Opinión

Mi vida vale cien pesetas

La mente está sobrecargada. Y bien, hermano lector, con esta historia me despido hasta el primer domingo de septiembre.

Así que allá voy con una historia del lado oscuro al viejo estilo de esta serie. Lo que te cuento es verídico, hermano. Pero antes no está de más hacer unas reflexiones de la sociología de entonces. Recuerda, finales de los setenta y los ochenta en Ourense. Ay, gran parte de esas generaciones yacen en tumbas sin numerar o en olvidados lugares que pagó la beneficencia. Son muchos. Tantas familias han vivido ese drama.

La historia parece repetirse. En las farmacias vuelve a haber muchos pálidos compradores de jeringuillas. En algunos barrios llamas a la puerta, entras, ilustracion_alba_noguerol_resultte dan la mercancía y hasta una habitación cutre y sórdida para hacer lo tuyo. Un periodista amigo que vive en Barcelona me dijo: “Es tremendo, por el centro de la ciudad los yonquis se dejan ver de nuevo. Oleadas de jóvenes casi adolescentes caen por el negro escotillón”. ¿Cómo no han aprendido de sus mayores?, me pregunto. Pues no, no. Los que manejan el mundo detrás de las mesas de caoba la han vuelto a poner en la calle. Hoy en Estados Unidos ya es el problema número uno.

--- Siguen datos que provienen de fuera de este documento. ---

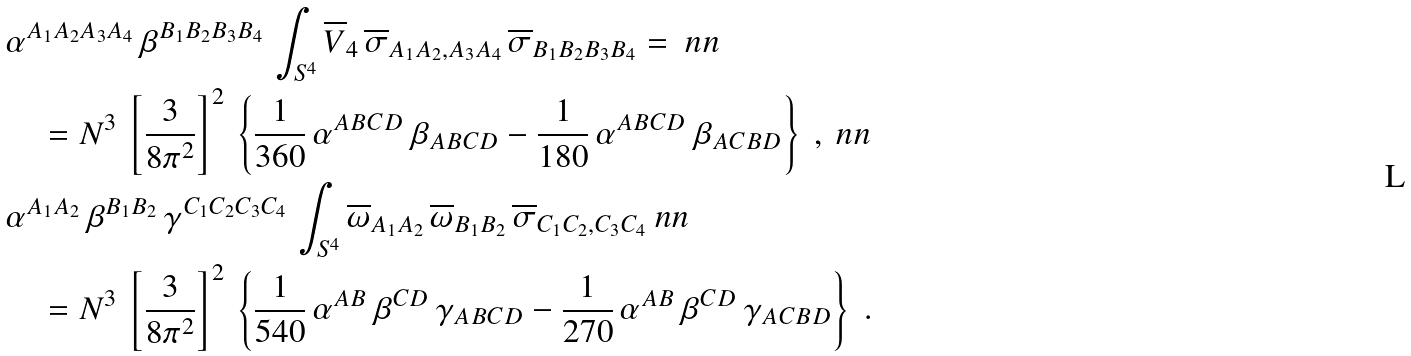<formula> <loc_0><loc_0><loc_500><loc_500>& \alpha ^ { A _ { 1 } A _ { 2 } A _ { 3 } A _ { 4 } } \, \beta ^ { B _ { 1 } B _ { 2 } B _ { 3 } B _ { 4 } } \, \int _ { S ^ { 4 } } \overline { V } _ { 4 } \, \overline { \sigma } _ { A _ { 1 } A _ { 2 } , A _ { 3 } A _ { 4 } } \, \overline { \sigma } _ { B _ { 1 } B _ { 2 } B _ { 3 } B _ { 4 } } = \ n n \\ & \quad = N ^ { 3 } \, \left [ \frac { 3 } { 8 \pi ^ { 2 } } \right ] ^ { 2 } \, \left \{ \frac { 1 } { 3 6 0 } \, \alpha ^ { A B C D } \, \beta _ { A B C D } - \frac { 1 } { 1 8 0 } \, \alpha ^ { A B C D } \, \beta _ { A C B D } \right \} \ , \ n n \\ & \alpha ^ { A _ { 1 } A _ { 2 } } \, \beta ^ { B _ { 1 } B _ { 2 } } \, \gamma ^ { C _ { 1 } C _ { 2 } C _ { 3 } C _ { 4 } } \, \int _ { S ^ { 4 } } \overline { \omega } _ { A _ { 1 } A _ { 2 } } \, \overline { \omega } _ { B _ { 1 } B _ { 2 } } \, \overline { \sigma } _ { C _ { 1 } C _ { 2 } , C _ { 3 } C _ { 4 } } \ n n \\ & \quad = N ^ { 3 } \, \left [ \frac { 3 } { 8 \pi ^ { 2 } } \right ] ^ { 2 } \, \left \{ \frac { 1 } { 5 4 0 } \, \alpha ^ { A B } \, \beta ^ { C D } \, \gamma _ { A B C D } - \frac { 1 } { 2 7 0 } \, \alpha ^ { A B } \, \beta ^ { C D } \, \gamma _ { A C B D } \right \} \ .</formula>

Pero voy con la historia que quiero contarte, hermano. Estamos en el año 81. Ourense. El parque de San Lázaro está lleno de yonquis. La plaza de San Marcial es un abrevadero. En la calle Villar, ellas ya se han enganchado y abandonado a sus chulos. Mi protagonista era muy conocido en la ciudad, Humberto, un joven portugués. Se buscaba la vida vendiendo pañuelos en los semáforos. Era un excelente trilero, astuto y camelador, hasta sospechaba de su sombra.

Como buen lusitano tenía una cadena con la imagen de la Virgen de Fátima al cuello, y en su destartalada cartera una estampa también de ella que él sacaba intermitente y besaba con frecuencia. “Fue ella quien me salvó, porque mira tú, es bien cierto que mi vida vale sólo cien pesetas”.

En aquellos años eran muchos los que, como Humberto, estaban enganchados a la heroína. La “postura”, la dosis, costaba mil pesetas. Había que llevar el dinero justo pues los camellos eran muy estrictos. Tenías que llorarle mucho si te faltaba algún dinero.

Pero dejemos que lo cuente Humberto. “Aquella tarde ya el mono arañaba mi espalda. Sabía dónde encontrar a mi camella. Estaba allá, en la parte de arriba de la plaza de San Marcial. Cuando llegué le dije: ‘Tengo sólo novecientas pesetas, dame lo mío y ya te daré el resto mañana’. Pero la fulana se puso muy agresiva, más que de costumbre. Después de insistirle solía ceder, pero aquel día se negó en redondo. Me dijo: ‘Sólo tengo una papelina para vender, hoy no te fío. Así que vete a buscarte la vida’. Ahora, después de pensarlo mucho, me doy cuenta de que tenía una mirada extraña como si no quisiera venderme. Había algo raro, como flamígero en sus ojos.

Ya sabes cómo son estas cosas, te muerde el mono y tienes que conseguir material como sea.

Más muerto que vivo, a la media hora volví, apretando las mil pesetas en las manos. Desde lejos observé un montón de personas en la plaza, mucho jaleo y una ambulancia. ‘Ese día Satanás andaba de fiesta’. Me acerqué, dos enfermeros subían a una chica ya sin vida bajo una sábana. Su novio, un chico escuálido, gritaba: ‘Vamos a buscar a esa mujer sin entrañas que le vendió la dosis hace nada. Se la metió aquí y era talco adulterado’.

(Cuando sucede así los yonquis se unen para buscar venganza. No hubo rastro de ella. Ay, hermano, los lusitanos creemos mucho en el destino. La fulana tenía la muerte en una bolsita. Mira que le rogué casi de rodillas que me la vendiese. Ya ves, mi vida vale cien pesetas. Estoy seguro de que mi Virgen de Fátima me protegió)”.